Leyendo ayer que algunos siguen reclamando su particular justicia me acordé de que tenía pendiente escribir sobre uno de los más grandes atropellos que ha sufrido España en materia legislativa en los últimos meses. Esta vez la mandanga viene de la mano de Alberto “El Faraón” Gallardón, ese progresista conservador o ese conservador progresista, según sople el viento que más convenga. El asunto versa sobre las tasas judiciales que se implantaron mediante la Ley 10/2012, por la que se regulan determinadas tasas en el ámbito de la Administración de Justicia y del Instituto Nacional de Toxicología y Ciencias Forenses.  El asunto trajo bastante poca cola, quizá tapado por temas también graves como el paro, los suicidios por desahucio, la prima de riesgo o el Madrid-Barça de turno, por poner algunos ejemplos.
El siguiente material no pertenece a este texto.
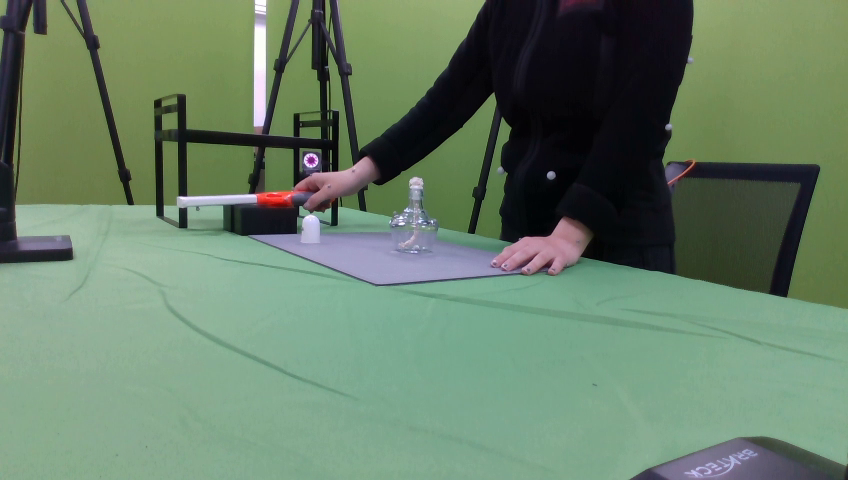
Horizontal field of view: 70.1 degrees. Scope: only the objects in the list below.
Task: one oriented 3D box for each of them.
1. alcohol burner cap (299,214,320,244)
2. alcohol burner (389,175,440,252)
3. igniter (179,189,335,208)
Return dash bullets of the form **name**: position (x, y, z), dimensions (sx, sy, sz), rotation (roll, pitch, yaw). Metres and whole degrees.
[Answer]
- **alcohol burner cap**: position (-0.185, -0.018, 0.979), dimensions (0.034, 0.048, 0.034), rotation (3, 8, 0)
- **alcohol burner**: position (-0.013, -0.041, 0.929), dimensions (0.078, 0.119, 0.078), rotation (4, 8, 0)
- **igniter**: position (-0.296, -0.075, 1.101), dimensions (0.278, 0.025, 0.057), rotation (-5, 12, -31)
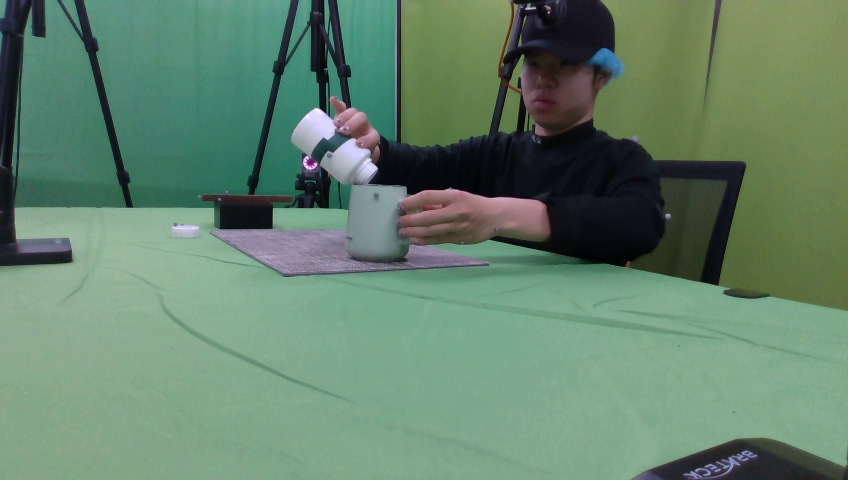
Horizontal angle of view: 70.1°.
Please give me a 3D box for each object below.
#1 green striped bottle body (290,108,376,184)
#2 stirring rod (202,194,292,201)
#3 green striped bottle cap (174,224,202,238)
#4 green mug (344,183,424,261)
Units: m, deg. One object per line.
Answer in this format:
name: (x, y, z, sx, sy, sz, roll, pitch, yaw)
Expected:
green striped bottle body: (-0.125, -0.127, 0.858, 0.119, 0.063, 0.063, 39, 8, -2)
stirring rod: (-0.353, -0.086, 1.216, 0.177, 0.014, 0.006, -2, 12, -27)
green striped bottle cap: (-0.404, -0.015, 1.036, 0.044, 0.020, 0.044, -2, 8, 1)
green mug: (-0.053, -0.026, 0.849, 0.125, 0.105, 0.093, 7, 8, 33)
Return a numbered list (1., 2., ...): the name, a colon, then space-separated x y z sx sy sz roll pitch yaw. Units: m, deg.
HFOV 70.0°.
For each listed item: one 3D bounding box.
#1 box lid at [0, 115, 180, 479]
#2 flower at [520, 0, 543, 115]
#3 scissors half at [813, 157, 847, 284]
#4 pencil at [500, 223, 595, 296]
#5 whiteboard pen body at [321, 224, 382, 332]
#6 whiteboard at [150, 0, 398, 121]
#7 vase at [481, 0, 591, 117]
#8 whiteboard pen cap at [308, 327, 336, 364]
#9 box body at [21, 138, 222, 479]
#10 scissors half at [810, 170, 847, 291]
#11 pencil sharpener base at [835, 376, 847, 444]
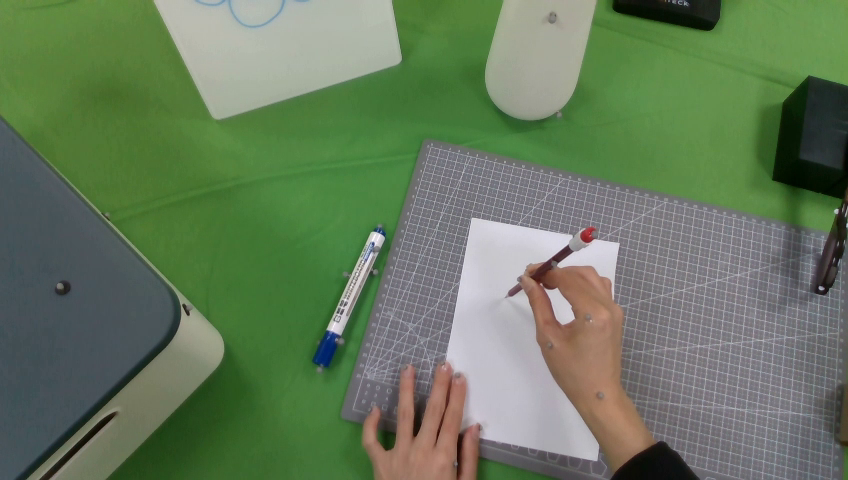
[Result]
1. box lid: -0.386 0.024 0.436 0.370 0.015 0.263 40 75 12
2. flower: 0.105 -0.246 0.505 0.044 0.365 0.038 7 53 6
3. scissors half: 0.394 -0.040 0.570 0.013 0.040 0.174 16 73 24
4. pencil: 0.094 0.023 0.500 0.012 0.194 0.012 4 70 -10
5. whiteboard pen body: -0.073 0.047 0.586 0.017 0.017 0.140 21 70 7
6. whiteboard: -0.168 -0.307 0.587 0.217 0.308 0.142 -19 53 -6
7. vase: 0.108 -0.205 0.579 0.098 0.201 0.097 0 69 1
8. whiteboard pen cap: -0.094 0.098 0.566 0.018 0.018 0.033 20 68 7
9. box body: -0.385 0.050 0.506 0.362 0.161 0.254 40 76 12
10. scissors half: 0.402 -0.035 0.588 0.012 0.040 0.175 16 91 29
11. pencil sharpener base: 0.418 0.149 0.509 0.076 0.107 0.061 18 71 3
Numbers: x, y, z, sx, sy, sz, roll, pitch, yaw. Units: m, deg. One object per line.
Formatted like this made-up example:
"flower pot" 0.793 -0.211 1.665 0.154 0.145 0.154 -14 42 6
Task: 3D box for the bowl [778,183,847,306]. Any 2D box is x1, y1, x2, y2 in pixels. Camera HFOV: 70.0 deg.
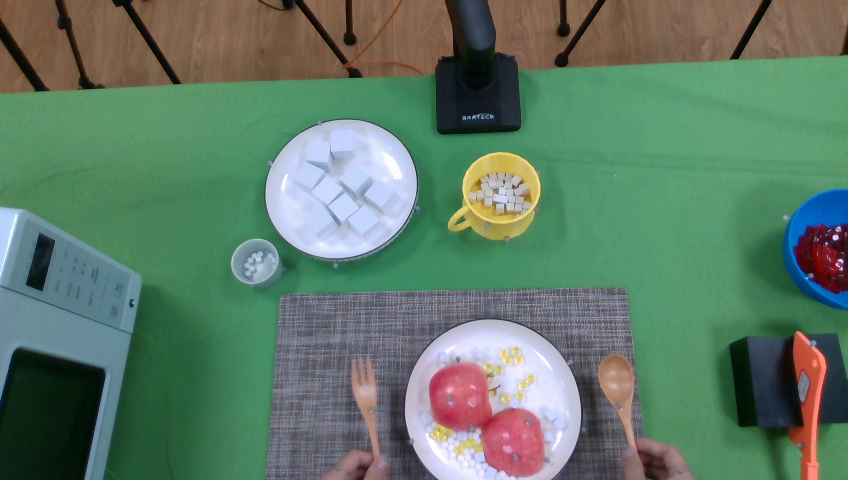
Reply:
"bowl" 0.499 0.015 0.739 0.151 0.077 0.150 -1 72 3

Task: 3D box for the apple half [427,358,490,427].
"apple half" 0.039 0.178 0.712 0.074 0.054 0.080 -4 72 5

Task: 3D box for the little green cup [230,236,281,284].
"little green cup" -0.219 0.029 0.795 0.061 0.039 0.061 -1 74 4

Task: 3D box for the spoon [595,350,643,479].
"spoon" 0.226 0.219 0.675 0.041 0.022 0.192 -5 66 -1

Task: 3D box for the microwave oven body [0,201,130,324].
"microwave oven body" -0.549 0.200 0.636 0.326 0.262 0.439 2 72 3

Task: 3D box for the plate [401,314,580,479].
"plate" 0.077 0.193 0.722 0.209 0.038 0.208 -1 72 3

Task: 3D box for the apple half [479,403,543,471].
"apple half" 0.101 0.228 0.702 0.081 0.033 0.080 -2 70 5

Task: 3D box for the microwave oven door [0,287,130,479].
"microwave oven door" -0.406 0.244 0.609 0.039 0.245 0.353 1 72 4

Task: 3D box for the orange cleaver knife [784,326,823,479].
"orange cleaver knife" 0.422 0.205 0.679 0.012 0.077 0.211 -1 95 7

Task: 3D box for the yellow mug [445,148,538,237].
"yellow mug" 0.083 -0.053 0.792 0.131 0.064 0.099 -32 72 -7

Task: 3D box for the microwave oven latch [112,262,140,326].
"microwave oven latch" -0.386 0.068 0.773 0.030 0.030 0.078 4 73 4

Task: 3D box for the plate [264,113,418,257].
"plate" -0.110 -0.073 0.824 0.207 0.039 0.206 -1 72 3

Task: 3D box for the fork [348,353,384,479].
"fork" -0.060 0.230 0.686 0.028 0.018 0.205 6 61 -39
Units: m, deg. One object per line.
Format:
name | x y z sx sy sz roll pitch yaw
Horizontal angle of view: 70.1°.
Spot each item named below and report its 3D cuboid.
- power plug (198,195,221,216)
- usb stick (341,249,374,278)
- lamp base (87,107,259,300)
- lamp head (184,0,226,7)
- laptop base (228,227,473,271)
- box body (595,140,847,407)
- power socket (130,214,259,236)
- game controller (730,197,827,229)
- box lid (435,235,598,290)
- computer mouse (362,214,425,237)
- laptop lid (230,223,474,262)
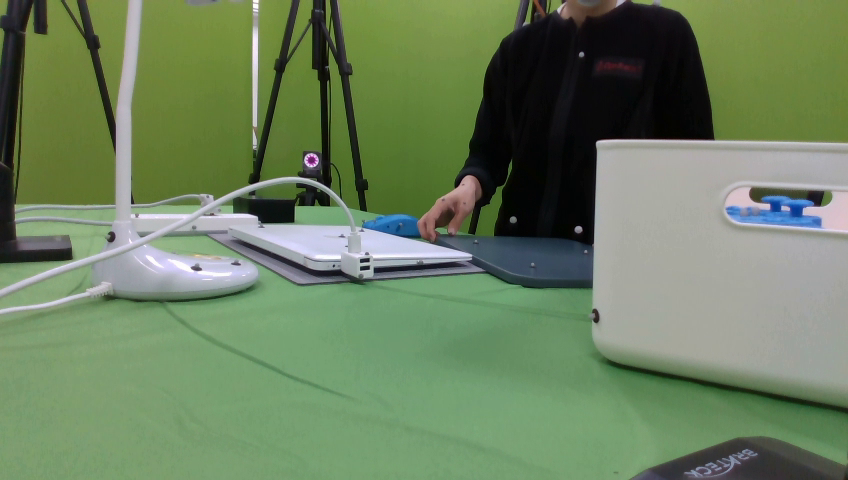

Antes de nada, vamos con el art. 24 de la Constitución Española (esa que tanto prostituyen algunos cuando les conviene): “Todas las personas tienen derecho a obtener la tutela efectiva de los jueces y tribunales en el ejercicio de sus derechos e intereses legítimos, sin que, en ningún caso, pueda producirse indefensión“. Cristalino, ¿no?

Pues la Ley, que es una chapuza alucinante, introduce un nuevo sistema de tasas (nada de actualización o “simple subida”, como se pudo leer en ABC o La Razón, allá por noviembre de 2012) que grosso modo grava a cualquier persona física o jurídica a la hora de intentar ejercer sus derechos, salvo que estemos en materia penal. Digo que es una chapuza por diversos motivos, empezando porque quizá debería haberse tramitado como Ley Orgánica toda vez que afecta a un derecho fundamental (art. 81 CE). Pero la cosa no se queda ahí: desde la propia definición de hecho imponible como “el ejercicio de la potestad jurisdiccional originada por el ejercicio de […] actos procesales” (¿no es la potestad jurisdiccional algo exclusivo de Jueces y Magistrados, art. 117 CE? ¿cómo puede estarse gravando tal potestad cuando es posterior al devengo de la tasa, que se produce cuando se interpone una demanda o un recurso?) hasta la entrada en vigor, que hubo de ser retrasada porque no había una Orden Ministerial de Justicia que regulase el procedimiento de pago (por no haber, no había ni impresos de liquidación), todo chapucero a más no poder. En cualquier caso son “solo” deficiencias técnicas que también existen en legislaciones mucho más populares y con fines loables, como la LO 1/2004, la de la Violencia de Género, una aberración jurídica sobre la que se podría escribir una tesis doctoral. Pero vamos con la Ley en sí.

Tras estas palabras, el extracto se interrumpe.